━━━ DATA EXCERPTS

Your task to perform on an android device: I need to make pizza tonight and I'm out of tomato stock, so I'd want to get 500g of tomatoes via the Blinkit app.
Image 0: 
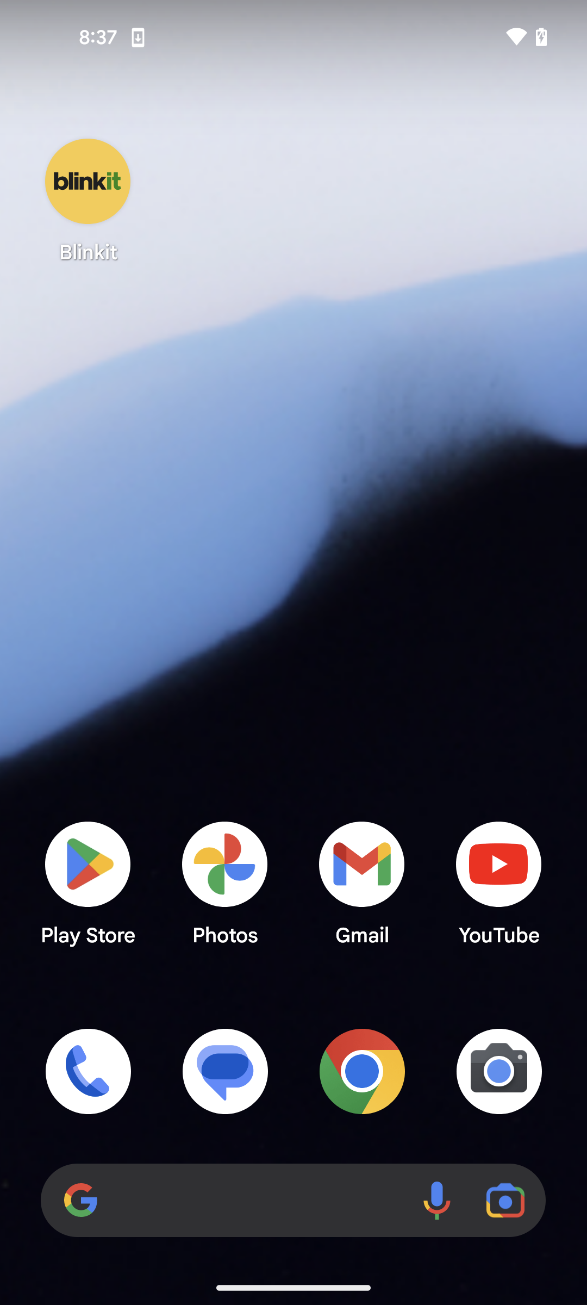
open the Blinkit app
Step 0: open app "Blinkit"
Image 2: 
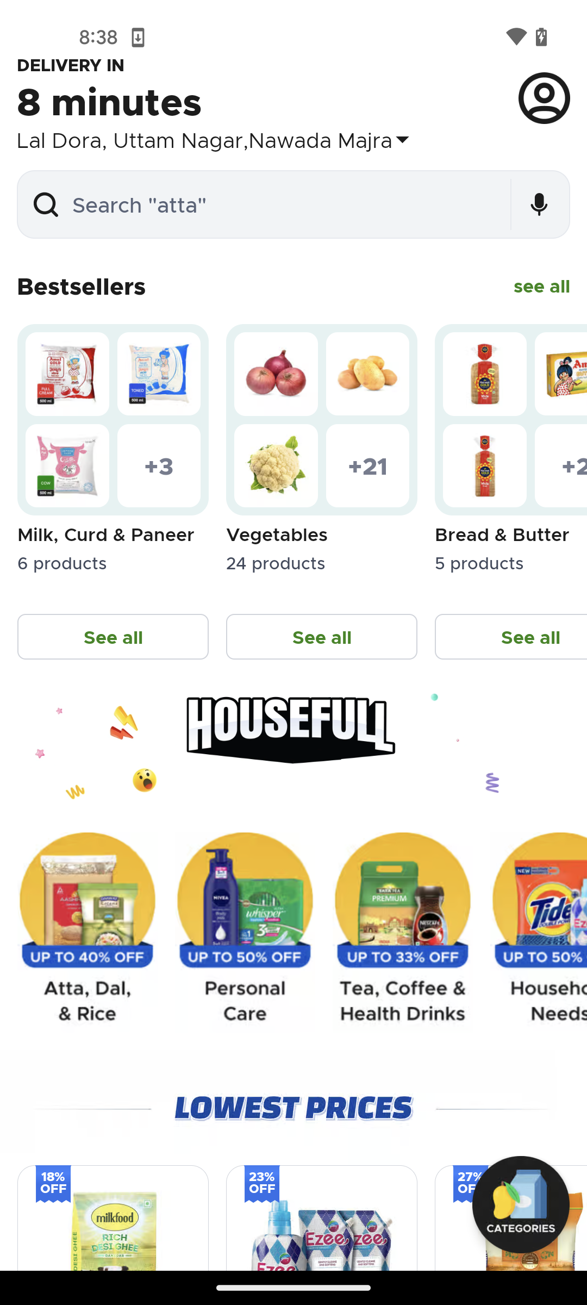
click on the search bar
Step 2: wait
Image 3: 
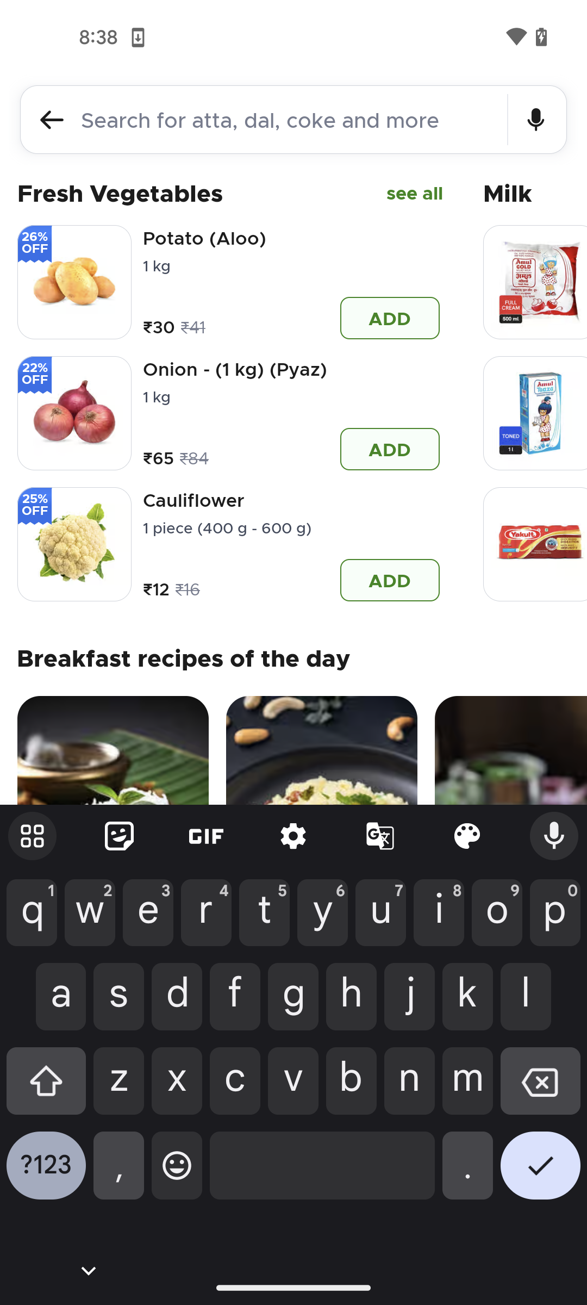
type tomatos
Step 3: type "tomatos"
Image 4: 
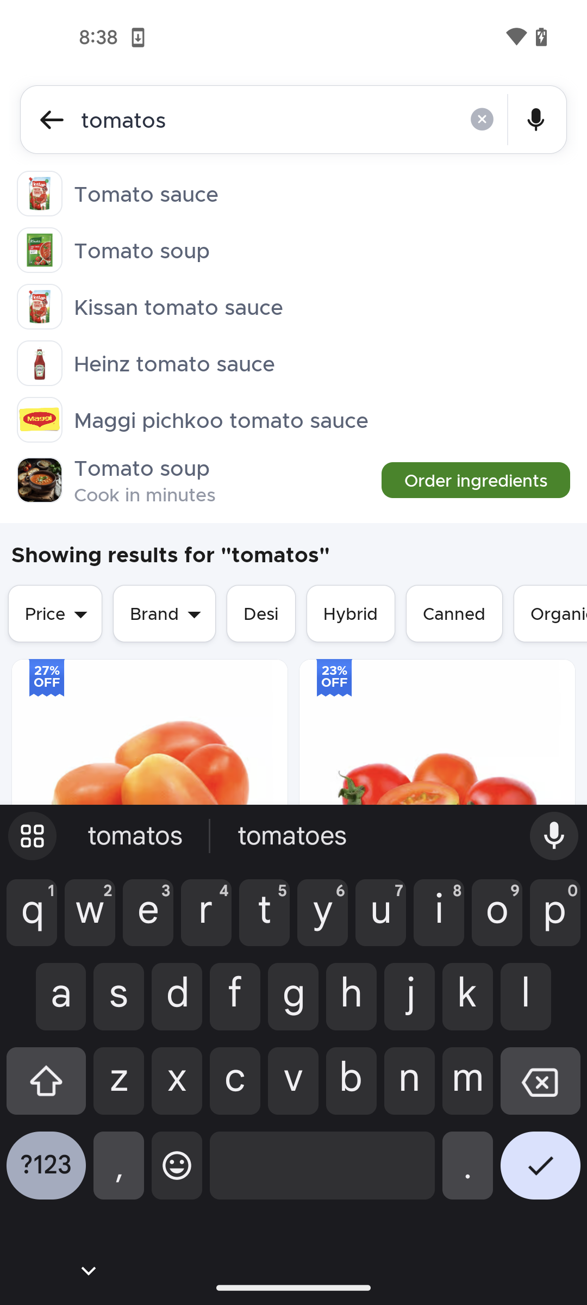
click on the tick icon
Step 4: click (540, 1173)

━━━━━━

* ASSIGNED TASK
List every line from the entries above in which "click" appears.

* TASK OUTPUT
click on the search bar
click on the tick icon
Step 4: click (540, 1173)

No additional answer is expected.